「…きっと、男としてっていうのは、佐渡くんのことを後輩として見ていたらいけないんだろうね」
ももさんの言葉は、抱いた期待をそっと砕かれたかのように感じた。
自分の伝えたいことと、相手が望んでいることが正反対なことは分かっていたが、今言わないとこのまま終わってしまう。
そんな衝動に駆られて、話し始めた。
「最初にももさんに話しかけた、“あのとき”は、正直迷惑だと思ってました」
“あのとき”というワードに、バツが悪そうに口を結ぶ。
「面倒なことは嫌いなので、さっさと指摘して終わればいいかなと。別に興味もないですし」
そう。マドンナと呼ばれる先輩の下着が透けていようと、平凡を望む俺には迷惑の一言に尽きる事柄で、それ以上の何かを感じたりも期待も全部なかった。
「ただ、さっき見てしまったときは正直…」
ここまでは勢いで話せたが、ここから先はいくら気が急いでいても、ありのままを口にしてはいけないように本能で感じた。

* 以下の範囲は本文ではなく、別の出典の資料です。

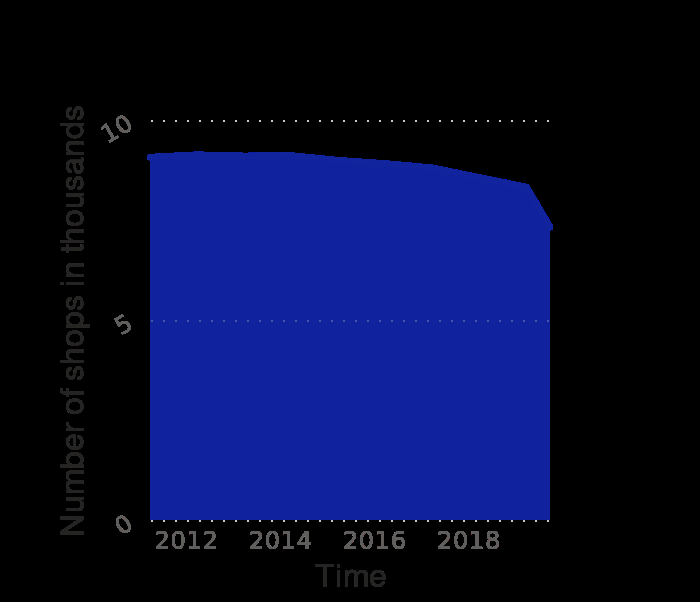<image>
What is the unit of measurement for the number of shops on the chart? The unit of measurement for the number of shops is thousands. What was the overall trend of the figures from end March 2011 until 2/3rds way through 2019? The figures showed a slow decline until 2/3rds of the way through 2019, when they dropped sharply. 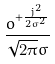Convert formula to latex. <formula><loc_0><loc_0><loc_500><loc_500>\frac { o ^ { + \frac { j ^ { 2 } } { 2 \sigma ^ { 2 } } } } { \sqrt { 2 \pi } \sigma }</formula> 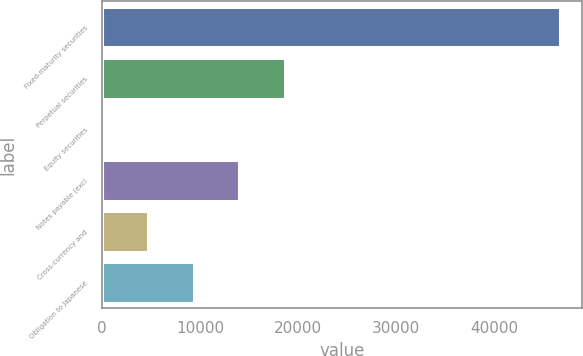<chart> <loc_0><loc_0><loc_500><loc_500><bar_chart><fcel>Fixed-maturity securities<fcel>Perpetual securities<fcel>Equity securities<fcel>Notes payable (excl<fcel>Cross-currency and<fcel>Obligation to Japanese<nl><fcel>46702<fcel>18697.6<fcel>28<fcel>14030.2<fcel>4695.4<fcel>9362.8<nl></chart> 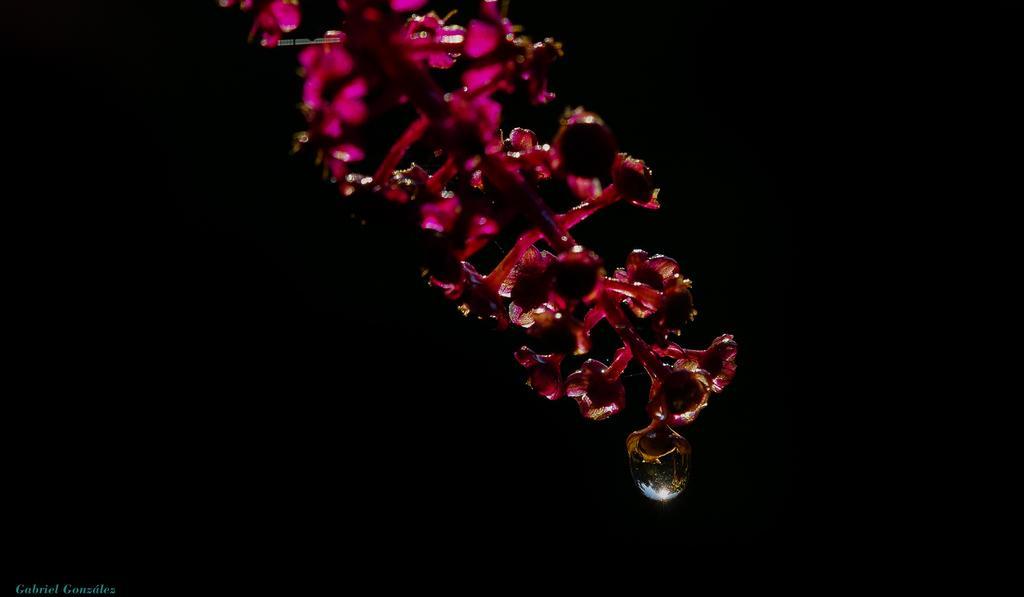Please provide a concise description of this image. In this image we can see a plant and in the background the image is dark. 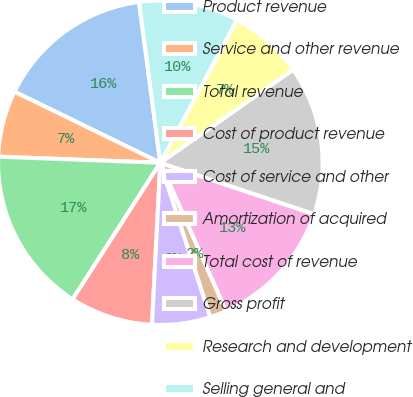Convert chart to OTSL. <chart><loc_0><loc_0><loc_500><loc_500><pie_chart><fcel>Product revenue<fcel>Service and other revenue<fcel>Total revenue<fcel>Cost of product revenue<fcel>Cost of service and other<fcel>Amortization of acquired<fcel>Total cost of revenue<fcel>Gross profit<fcel>Research and development<fcel>Selling general and<nl><fcel>15.69%<fcel>6.62%<fcel>16.51%<fcel>8.27%<fcel>5.8%<fcel>1.67%<fcel>13.22%<fcel>14.86%<fcel>7.44%<fcel>9.92%<nl></chart> 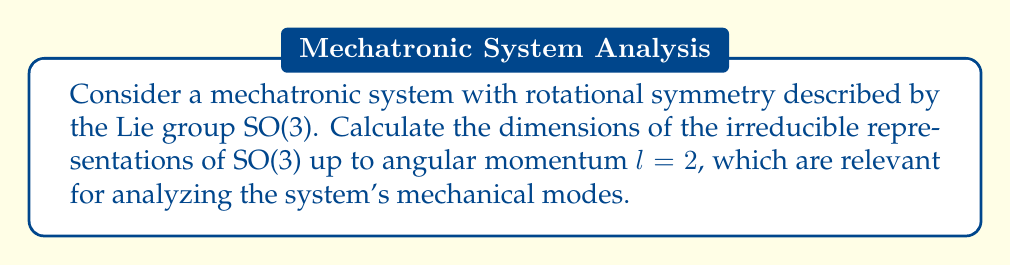Show me your answer to this math problem. To solve this problem, we'll follow these steps:

1) Recall that for SO(3), the irreducible representations are labeled by the angular momentum quantum number $l$, where $l = 0, 1, 2, ...$

2) The dimension of the irreducible representation for a given $l$ is:

   $$\text{dim}(l) = 2l + 1$$

3) Let's calculate the dimensions for $l = 0, 1, 2$:

   For $l = 0$:
   $$\text{dim}(0) = 2(0) + 1 = 1$$

   For $l = 1$:
   $$\text{dim}(1) = 2(1) + 1 = 3$$

   For $l = 2$:
   $$\text{dim}(2) = 2(2) + 1 = 5$$

4) These dimensions correspond to:
   - $l = 0$: Scalar representation (1D)
   - $l = 1$: Vector representation (3D)
   - $l = 2$: Symmetric traceless tensor representation (5D)

5) In the context of a mechatronic system, these representations could correspond to:
   - $l = 0$: Isotropic properties
   - $l = 1$: Directional properties or forces
   - $l = 2$: Quadrupole moments or stress tensors
Answer: 1, 3, 5 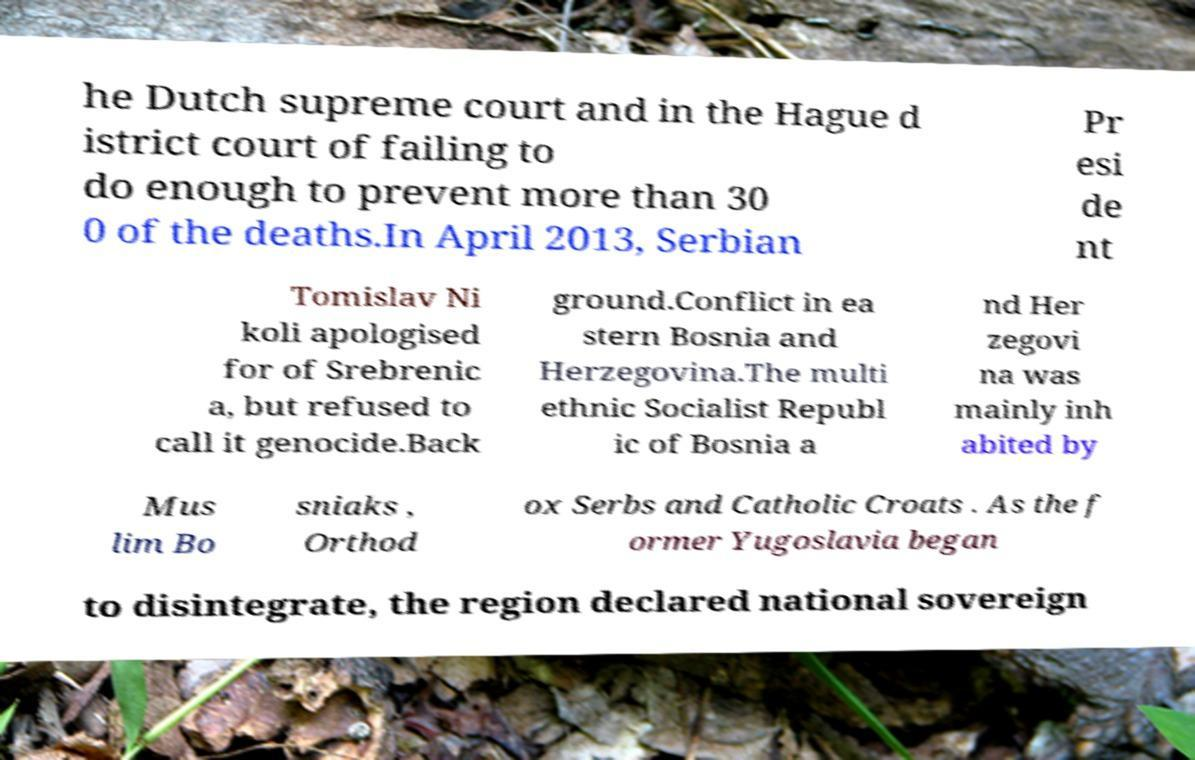Can you read and provide the text displayed in the image?This photo seems to have some interesting text. Can you extract and type it out for me? he Dutch supreme court and in the Hague d istrict court of failing to do enough to prevent more than 30 0 of the deaths.In April 2013, Serbian Pr esi de nt Tomislav Ni koli apologised for of Srebrenic a, but refused to call it genocide.Back ground.Conflict in ea stern Bosnia and Herzegovina.The multi ethnic Socialist Republ ic of Bosnia a nd Her zegovi na was mainly inh abited by Mus lim Bo sniaks , Orthod ox Serbs and Catholic Croats . As the f ormer Yugoslavia began to disintegrate, the region declared national sovereign

生まれて数回目くらいに頭の中を高速回転させてなんとかオブラートに伝えようと試みる。
「…それで、呆れさせたんだね。本当に嫌な思いをさせてごめんなさい」
言い淀む姿に見かねたももさんが、あまりの見当違いの答えを出したせいで、普段全く起動しない回路のスイッチがそこで切れた。
ある意味というか別の意味で普段の自分に戻ってしまい、言えずにいた正解を赤裸々に告げた。